Each line from the opening of the records that follow to the line with "Image width covers 60.0°." needs to be written out exactly. Add nothing.
══════════════════════════════
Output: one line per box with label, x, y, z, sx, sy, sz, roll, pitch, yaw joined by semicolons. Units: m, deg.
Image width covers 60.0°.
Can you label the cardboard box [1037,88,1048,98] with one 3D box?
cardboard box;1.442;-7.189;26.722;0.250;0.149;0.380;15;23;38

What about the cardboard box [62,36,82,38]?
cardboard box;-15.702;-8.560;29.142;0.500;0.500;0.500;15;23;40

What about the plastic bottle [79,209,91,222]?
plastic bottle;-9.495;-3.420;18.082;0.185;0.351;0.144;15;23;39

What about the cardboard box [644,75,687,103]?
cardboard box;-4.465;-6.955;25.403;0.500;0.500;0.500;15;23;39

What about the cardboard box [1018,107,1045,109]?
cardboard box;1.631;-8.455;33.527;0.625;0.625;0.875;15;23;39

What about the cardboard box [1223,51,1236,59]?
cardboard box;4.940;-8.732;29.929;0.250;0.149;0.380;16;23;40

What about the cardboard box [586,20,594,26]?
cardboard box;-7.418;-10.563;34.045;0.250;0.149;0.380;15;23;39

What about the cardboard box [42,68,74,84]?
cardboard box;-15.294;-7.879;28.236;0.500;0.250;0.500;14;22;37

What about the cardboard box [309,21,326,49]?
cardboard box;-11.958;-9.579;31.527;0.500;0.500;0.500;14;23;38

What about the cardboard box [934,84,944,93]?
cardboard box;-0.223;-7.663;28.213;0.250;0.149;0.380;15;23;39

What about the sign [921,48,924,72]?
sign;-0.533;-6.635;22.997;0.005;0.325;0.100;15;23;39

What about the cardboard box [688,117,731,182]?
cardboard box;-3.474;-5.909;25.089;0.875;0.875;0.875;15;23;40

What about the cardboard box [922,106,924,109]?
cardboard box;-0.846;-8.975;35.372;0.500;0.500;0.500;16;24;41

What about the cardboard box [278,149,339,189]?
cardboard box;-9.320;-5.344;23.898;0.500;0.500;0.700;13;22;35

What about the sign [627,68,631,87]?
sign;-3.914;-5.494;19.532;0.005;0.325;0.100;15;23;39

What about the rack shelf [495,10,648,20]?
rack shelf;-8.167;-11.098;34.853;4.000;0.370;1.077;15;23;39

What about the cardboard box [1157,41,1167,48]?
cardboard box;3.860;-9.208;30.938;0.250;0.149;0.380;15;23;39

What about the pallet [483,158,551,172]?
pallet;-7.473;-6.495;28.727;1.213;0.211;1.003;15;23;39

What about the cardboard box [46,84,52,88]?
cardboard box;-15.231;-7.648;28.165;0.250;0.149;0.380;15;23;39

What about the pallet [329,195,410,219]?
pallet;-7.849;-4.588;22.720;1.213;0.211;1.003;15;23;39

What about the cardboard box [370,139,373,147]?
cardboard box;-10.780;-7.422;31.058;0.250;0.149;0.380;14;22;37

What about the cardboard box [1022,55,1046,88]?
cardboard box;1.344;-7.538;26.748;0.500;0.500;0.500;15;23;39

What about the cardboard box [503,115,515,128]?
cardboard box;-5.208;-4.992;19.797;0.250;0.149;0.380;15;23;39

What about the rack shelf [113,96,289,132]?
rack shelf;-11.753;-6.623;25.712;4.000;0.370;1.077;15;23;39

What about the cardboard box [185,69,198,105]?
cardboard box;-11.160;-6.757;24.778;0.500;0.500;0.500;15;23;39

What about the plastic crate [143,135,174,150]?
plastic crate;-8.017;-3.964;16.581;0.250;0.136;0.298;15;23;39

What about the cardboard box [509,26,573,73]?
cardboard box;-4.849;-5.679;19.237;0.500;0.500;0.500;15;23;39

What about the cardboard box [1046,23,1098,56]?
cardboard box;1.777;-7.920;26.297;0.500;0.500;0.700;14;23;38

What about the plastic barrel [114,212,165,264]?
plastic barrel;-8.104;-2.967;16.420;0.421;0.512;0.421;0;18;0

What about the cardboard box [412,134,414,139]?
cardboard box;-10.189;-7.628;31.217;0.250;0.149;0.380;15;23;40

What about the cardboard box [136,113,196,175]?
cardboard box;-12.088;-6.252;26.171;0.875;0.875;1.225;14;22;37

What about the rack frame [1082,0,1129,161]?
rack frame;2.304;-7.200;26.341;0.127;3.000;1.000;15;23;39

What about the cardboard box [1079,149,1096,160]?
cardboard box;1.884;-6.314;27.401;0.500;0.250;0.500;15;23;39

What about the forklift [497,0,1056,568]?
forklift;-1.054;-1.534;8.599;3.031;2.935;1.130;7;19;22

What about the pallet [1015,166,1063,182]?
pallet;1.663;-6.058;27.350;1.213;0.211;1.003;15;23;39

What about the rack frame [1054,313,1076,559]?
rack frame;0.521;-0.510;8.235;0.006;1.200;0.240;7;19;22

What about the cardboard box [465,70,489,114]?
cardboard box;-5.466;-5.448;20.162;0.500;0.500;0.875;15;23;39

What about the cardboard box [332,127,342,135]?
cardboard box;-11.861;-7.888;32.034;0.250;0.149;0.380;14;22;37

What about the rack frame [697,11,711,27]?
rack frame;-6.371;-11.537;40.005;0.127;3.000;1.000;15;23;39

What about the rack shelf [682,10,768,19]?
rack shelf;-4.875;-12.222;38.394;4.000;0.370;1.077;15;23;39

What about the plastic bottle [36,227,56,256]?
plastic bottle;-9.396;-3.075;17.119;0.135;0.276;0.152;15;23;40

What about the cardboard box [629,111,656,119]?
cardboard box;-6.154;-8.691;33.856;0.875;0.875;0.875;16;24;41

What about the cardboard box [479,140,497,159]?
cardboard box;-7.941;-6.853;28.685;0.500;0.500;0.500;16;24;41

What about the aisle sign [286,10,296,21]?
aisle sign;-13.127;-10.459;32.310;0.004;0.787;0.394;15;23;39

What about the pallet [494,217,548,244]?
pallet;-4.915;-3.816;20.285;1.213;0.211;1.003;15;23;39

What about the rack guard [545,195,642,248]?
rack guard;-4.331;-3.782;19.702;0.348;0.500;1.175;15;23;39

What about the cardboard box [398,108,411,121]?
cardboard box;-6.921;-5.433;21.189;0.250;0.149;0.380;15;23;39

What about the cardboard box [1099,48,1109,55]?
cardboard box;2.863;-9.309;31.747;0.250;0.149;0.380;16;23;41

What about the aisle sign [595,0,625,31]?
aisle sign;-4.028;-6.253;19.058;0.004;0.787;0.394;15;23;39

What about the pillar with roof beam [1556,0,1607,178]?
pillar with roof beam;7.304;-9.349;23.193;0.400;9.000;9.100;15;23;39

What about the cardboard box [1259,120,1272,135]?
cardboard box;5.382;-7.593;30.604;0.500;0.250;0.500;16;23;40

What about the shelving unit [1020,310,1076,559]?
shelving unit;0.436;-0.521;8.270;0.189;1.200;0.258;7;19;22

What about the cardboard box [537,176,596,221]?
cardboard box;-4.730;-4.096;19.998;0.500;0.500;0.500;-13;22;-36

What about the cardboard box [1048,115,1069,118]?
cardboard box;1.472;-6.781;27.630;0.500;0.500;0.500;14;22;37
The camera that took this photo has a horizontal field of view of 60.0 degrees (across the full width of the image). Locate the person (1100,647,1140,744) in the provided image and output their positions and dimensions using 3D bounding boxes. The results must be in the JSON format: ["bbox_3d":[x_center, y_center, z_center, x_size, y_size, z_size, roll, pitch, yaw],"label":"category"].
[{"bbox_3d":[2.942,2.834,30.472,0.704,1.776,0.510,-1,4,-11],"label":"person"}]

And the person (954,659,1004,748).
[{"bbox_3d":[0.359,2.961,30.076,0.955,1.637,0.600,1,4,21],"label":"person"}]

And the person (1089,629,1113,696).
══════════════════════════════
● **SOLUTION**:
Output: one line per box with label, x, y, z, sx, sy, sz, roll, pitch, yaw joined by semicolons. Units: m, deg.
Image width covers 60.0°.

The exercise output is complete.